Il y a 40 000 ans, les Sapiens ont la peau noire. Ils sont fragiles, leur seule façon de survivre consiste à rester en groupe social et à chasser en épuisant leur proie. Des coureurs de fond sans fourrure pour les empêcher de transpirer avec des os légers et la pupille blanche qui permet d'indiquer en silence ce que l'on regarde.
Un jour, ils rencontrent une espèce complètement différente. Neandertal vit au nord, il a la peau claire pour absorber le soleil, ses muscles et ses os sont épais, il est lourd, il court mal. Ils vivent un tout petit groupe parce qu'ils sont puissants. Ils digèrent tout.

La rencontre est si traumatisante que les descendants la racontent pendant des milliers d'années au coin du feu. 
C'est pour cela qu'Enkidu est un homme des bois qui parlent aux animaux, c'est ainsi que les Sapiens ont vu Neandertal qui vivait en famille plutôt qu'en tribu. À manger parmi les bêtes avec sa mâchoire puissante.

Comme Gilgamesh apprivoise Enkidu en lui offrant une femme, les Sapiens ont dû agir de même. Nous en sommes le résultat.

Quand Sapiens  et Neandertal décident de vivre ensemble, les Sapiens décident de leur apprendre leur technique de chasse à la course. C'est exactement la façon dont Gilgamesh tue le monstre Humbaba : il l'épuise à la course. Que fait Enkidu, le guerrier invincible ? Participe au combat ? Non ! Les Neandertal ne sont pas fabriqués pour courir si longtemps, ils ont trop de fourrure, des os trop lourds. Enkidu encourage son ami à poursuivre le monstre Humbaba, jusqu'à ce que ce dernier s'effondre « vaincu par la tempête ». Parce que c'est comme cela que Sapiens a toujours tué ses proies : il les poursuit des heures jusqu'à ce que ces dernières épuisées ne puissent plus rafraichir leur corps, et tombent épuisées à bout de souffle. Soufflant comme des tempêtes.
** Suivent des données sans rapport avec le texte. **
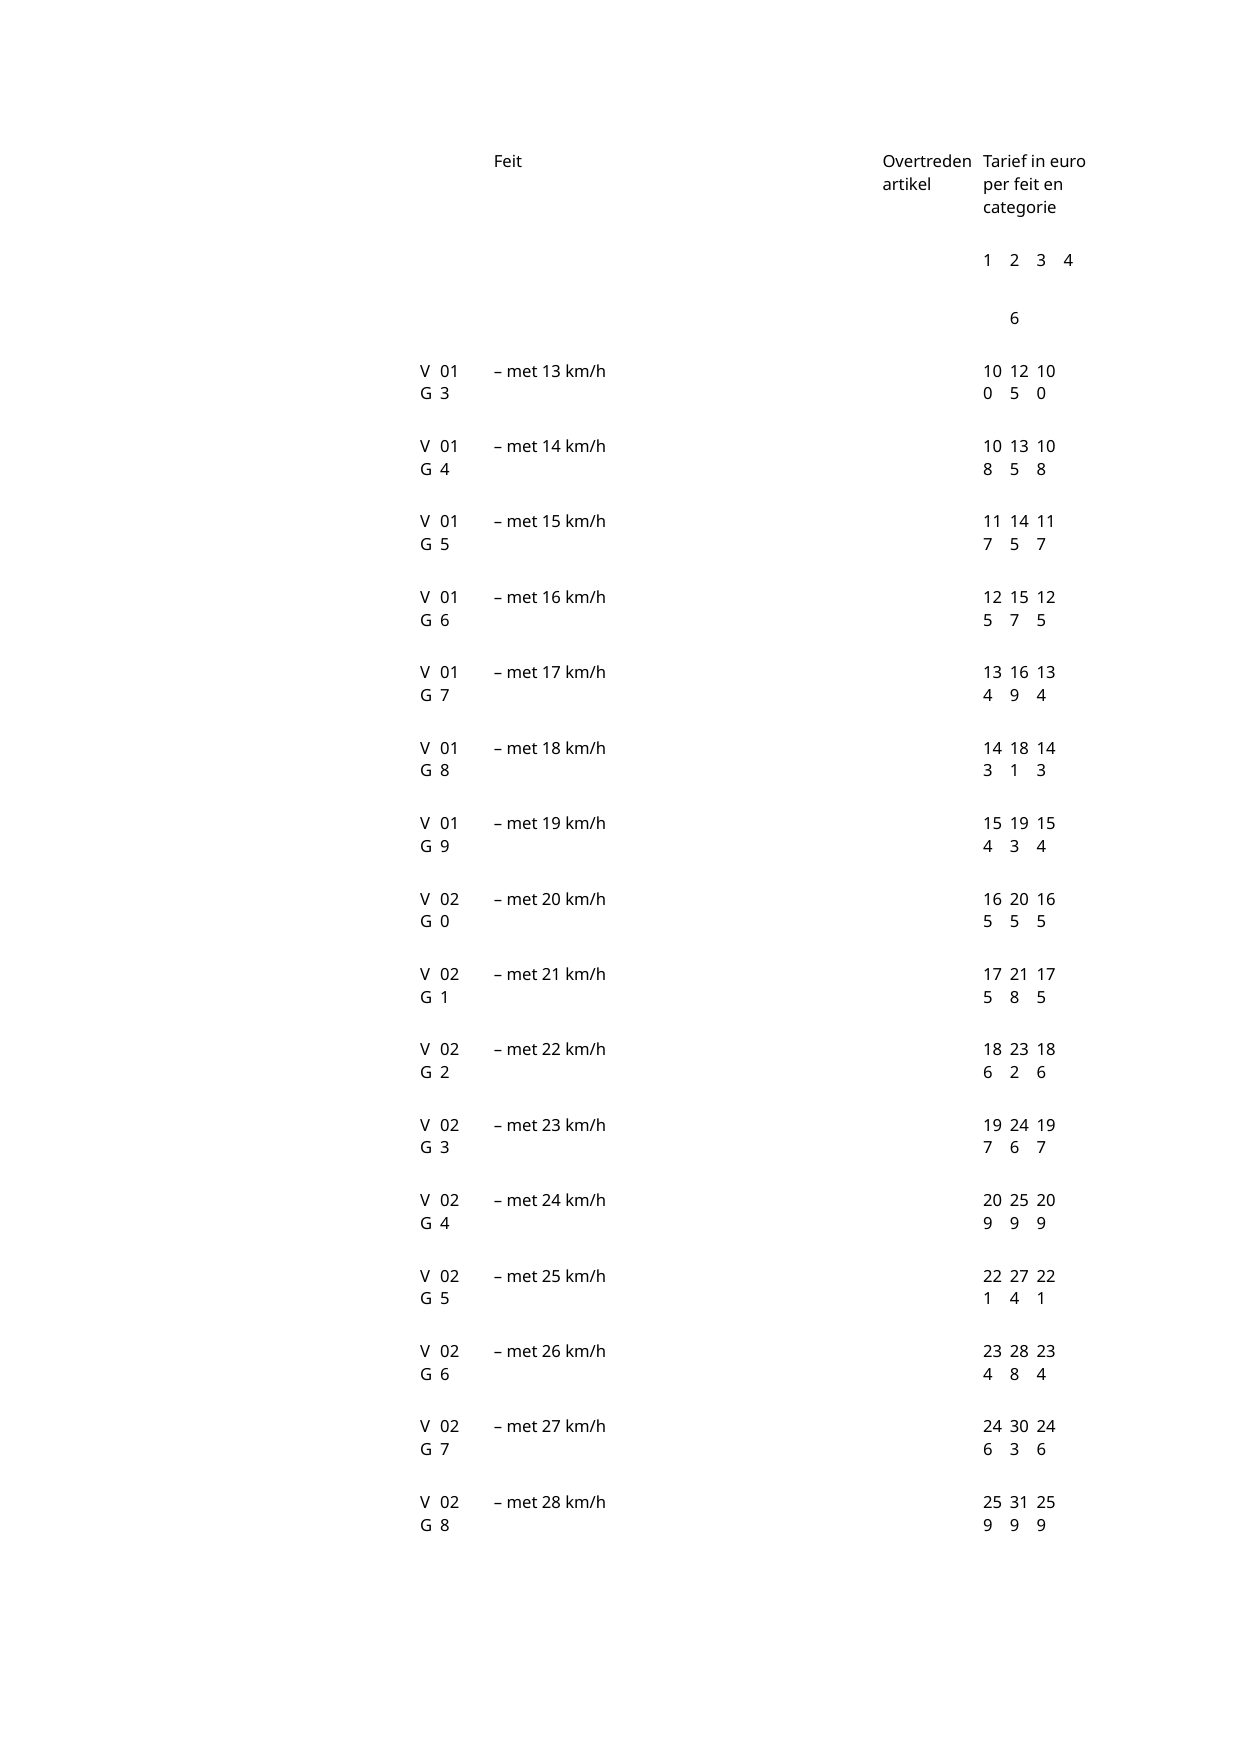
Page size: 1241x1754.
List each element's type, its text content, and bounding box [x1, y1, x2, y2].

table_cell 108 [1036, 435, 1063, 510]
table_cell – met 22 km/h [494, 1038, 882, 1113]
table_cell 019 [440, 812, 467, 887]
table_cell 197 [1036, 1114, 1063, 1189]
table_cell [467, 359, 494, 435]
table_cell [467, 887, 494, 963]
table_cell [983, 307, 1009, 359]
table_cell 259 [1036, 1491, 1063, 1566]
table_cell 022 [440, 1038, 467, 1113]
table_cell [1063, 1415, 1090, 1491]
table_cell 246 [1036, 1415, 1063, 1491]
table_header Feit [494, 150, 882, 248]
table_cell [467, 586, 494, 661]
table_cell 218 [1010, 963, 1036, 1038]
table_cell [467, 307, 494, 359]
table_cell [440, 248, 467, 307]
table_cell 143 [1036, 736, 1063, 812]
table_cell 234 [983, 1340, 1009, 1415]
table_cell 108 [983, 435, 1009, 510]
table_header [440, 150, 467, 248]
table_cell – met 28 km/h [494, 1491, 882, 1566]
table_cell – met 17 km/h [494, 661, 882, 736]
table_cell 018 [440, 736, 467, 812]
table_cell [467, 1491, 494, 1566]
table_cell [882, 1114, 983, 1189]
table_cell [467, 1038, 494, 1113]
table_cell 024 [440, 1189, 467, 1264]
table_cell VG [420, 359, 440, 435]
table_cell [882, 248, 983, 307]
table_cell [882, 661, 983, 736]
table_cell 186 [983, 1038, 1009, 1113]
table_cell 234 [1036, 1340, 1063, 1415]
table_header [420, 150, 440, 248]
table_cell [882, 586, 983, 661]
table_cell [467, 736, 494, 812]
table_cell 145 [1010, 510, 1036, 586]
table_cell [494, 248, 882, 307]
table_cell [882, 812, 983, 887]
table_cell 3 [1036, 248, 1063, 307]
table_cell [882, 1264, 983, 1340]
table_cell 028 [440, 1491, 467, 1566]
table_cell [440, 307, 467, 359]
table_cell 134 [1036, 661, 1063, 736]
table_cell 209 [983, 1189, 1009, 1264]
table_cell 125 [1010, 359, 1036, 435]
table_cell VG [420, 1038, 440, 1113]
table_cell 026 [440, 1340, 467, 1415]
table_cell [882, 359, 983, 435]
table_header Tarief in euro per feit en categorie [983, 150, 1090, 248]
table_cell 209 [1036, 1189, 1063, 1264]
table_cell 134 [983, 661, 1009, 736]
table_cell 1 [983, 248, 1009, 307]
table_cell [882, 1189, 983, 1264]
table_cell [494, 307, 882, 359]
table_cell [882, 435, 983, 510]
table_cell 165 [1036, 887, 1063, 963]
table_cell 017 [440, 661, 467, 736]
table_cell VG [420, 812, 440, 887]
table_cell 015 [440, 510, 467, 586]
table_cell 013 [440, 359, 467, 435]
table_cell 205 [1010, 887, 1036, 963]
table_cell 186 [1036, 1038, 1063, 1113]
table_cell [882, 510, 983, 586]
table_cell VG [420, 435, 440, 510]
table_cell 117 [983, 510, 1009, 586]
table_cell VG [420, 1114, 440, 1189]
table_cell 165 [983, 887, 1009, 963]
table_cell [1063, 1491, 1090, 1566]
table_cell [1063, 1264, 1090, 1340]
table_cell [1063, 307, 1090, 359]
table_cell 143 [983, 736, 1009, 812]
table_cell 014 [440, 435, 467, 510]
table_cell – met 16 km/h [494, 586, 882, 661]
table_cell 221 [1036, 1264, 1063, 1340]
table_cell [1063, 586, 1090, 661]
table_cell 232 [1010, 1038, 1036, 1113]
table_cell 259 [983, 1491, 1009, 1566]
table_cell [1063, 1189, 1090, 1264]
table_header Overtreden artikel [882, 150, 983, 248]
table_header [467, 150, 494, 248]
table_cell 288 [1010, 1340, 1036, 1415]
table_cell [420, 248, 440, 307]
table_cell [1063, 963, 1090, 1038]
table_cell – met 13 km/h [494, 359, 882, 435]
table_cell [467, 963, 494, 1038]
table_cell 319 [1010, 1491, 1036, 1566]
table_cell [882, 1038, 983, 1113]
table_cell [467, 248, 494, 307]
table_cell 193 [1010, 812, 1036, 887]
table_cell VG [420, 963, 440, 1038]
table_cell 181 [1010, 736, 1036, 812]
table_cell 154 [983, 812, 1009, 887]
table_cell VG [420, 1415, 440, 1491]
table_cell 2 [1010, 248, 1036, 307]
table_cell 023 [440, 1114, 467, 1189]
table_cell 197 [983, 1114, 1009, 1189]
table_cell 027 [440, 1415, 467, 1491]
table_cell – met 19 km/h [494, 812, 882, 887]
table_cell [1063, 1114, 1090, 1189]
table_cell VG [420, 887, 440, 963]
table_cell – met 20 km/h [494, 887, 882, 963]
table_cell [1036, 307, 1063, 359]
table_cell – met 14 km/h [494, 435, 882, 510]
table_cell [1063, 1340, 1090, 1415]
table_cell VG [420, 661, 440, 736]
table_cell [467, 435, 494, 510]
table_cell 025 [440, 1264, 467, 1340]
table_cell [882, 963, 983, 1038]
table_cell – met 27 km/h [494, 1415, 882, 1491]
table_cell [882, 307, 983, 359]
table_cell 169 [1010, 661, 1036, 736]
table_cell 246 [1010, 1114, 1036, 1189]
table_cell 020 [440, 887, 467, 963]
table_cell [1063, 435, 1090, 510]
table_cell VG [420, 586, 440, 661]
table_cell [882, 887, 983, 963]
table_cell 221 [983, 1264, 1009, 1340]
table_cell [882, 1340, 983, 1415]
table_cell [1063, 510, 1090, 586]
table_cell – met 18 km/h [494, 736, 882, 812]
table_cell [1063, 661, 1090, 736]
table_cell 154 [1036, 812, 1063, 887]
table_cell 125 [983, 586, 1009, 661]
table_cell 125 [1036, 586, 1063, 661]
table_cell 6 [1010, 307, 1036, 359]
table_cell 135 [1010, 435, 1036, 510]
table_cell [1063, 887, 1090, 963]
table_cell VG [420, 1189, 440, 1264]
table_cell 246 [983, 1415, 1009, 1491]
table_cell [1063, 736, 1090, 812]
table_cell VG [420, 1340, 440, 1415]
table_cell [467, 1415, 494, 1491]
table_cell – met 24 km/h [494, 1189, 882, 1264]
table_cell [467, 1114, 494, 1189]
table_cell [467, 1264, 494, 1340]
table_cell [467, 1340, 494, 1415]
table_cell – met 25 km/h [494, 1264, 882, 1340]
table_cell [467, 510, 494, 586]
table_cell [467, 1189, 494, 1264]
table_cell [882, 1415, 983, 1491]
table_cell 100 [983, 359, 1009, 435]
table_cell [467, 661, 494, 736]
table_cell VG [420, 1264, 440, 1340]
table_cell 4 [1063, 248, 1090, 307]
table_cell [467, 812, 494, 887]
table_cell 259 [1010, 1189, 1036, 1264]
table_cell [882, 1491, 983, 1566]
table_cell 303 [1010, 1415, 1036, 1491]
table_cell – met 23 km/h [494, 1114, 882, 1189]
table_cell [1063, 359, 1090, 435]
table_cell 021 [440, 963, 467, 1038]
table_cell VG [420, 1491, 440, 1566]
table_cell 100 [1036, 359, 1063, 435]
table_cell VG [420, 736, 440, 812]
table_cell – met 15 km/h [494, 510, 882, 586]
table_cell – met 26 km/h [494, 1340, 882, 1415]
table_cell [1063, 1038, 1090, 1113]
table_cell [882, 736, 983, 812]
table_cell [1063, 812, 1090, 887]
table_cell 117 [1036, 510, 1063, 586]
table_cell 016 [440, 586, 467, 661]
table_cell 175 [983, 963, 1009, 1038]
table_cell 157 [1010, 586, 1036, 661]
table_cell VG [420, 510, 440, 586]
table_cell 274 [1010, 1264, 1036, 1340]
table_cell – met 21 km/h [494, 963, 882, 1038]
table_cell [420, 307, 440, 359]
table_cell 175 [1036, 963, 1063, 1038]

Enkidu comme Neandertal meurent.
 La rencontre avec Sapiens a été fatale. Ils ne se sont pas éliminés. Au contraire, ils ont pu se reproduire entre eux. Seulement Neandertal est une espèce solitaire. Il n'a pas les défenses immunitaires de Sapiens. 
Sapiens vit en troupeau depuis des millénaires les virus ne l'affectent plus trop. Mais dès que Neandertal attrape ses maladies, tout comme les Indiens d'Amérique, les solitaires se font décimer  par la variole, la grippe, la tuberculose...

Gilgamesh est une épopée épique. Le héros affronte des monstres, va en enfer, ramène la plante d'immortalité volée au dieu. Tout cela parce qu'Enkidu est mort.
Enkidu, l'ami de Gilgamesh, l'être qui parle aux bêtes, l'être le plus puissant meurt de la façon la moins épique : il tombe malade, et après une longue agonie s'éteint. 

Cela ne s'invente pas, cela n'est pas romanesque : C'est la réalité. Neandertal est mort tué par les maladies de Sapiens. Partout, tout le temps, jusqu'à sa disparition totale, et l'histoire a été si traumatisants pour Sapiens qui a vu une espèce amie et différente s'éteindre sous ses yeux, qu'ils en ont préservé pour nous l'histoire. Mais nous n'avons jamais plus la ré-écrire, parce que l'expérience de rencontrer une race alien a été oublié.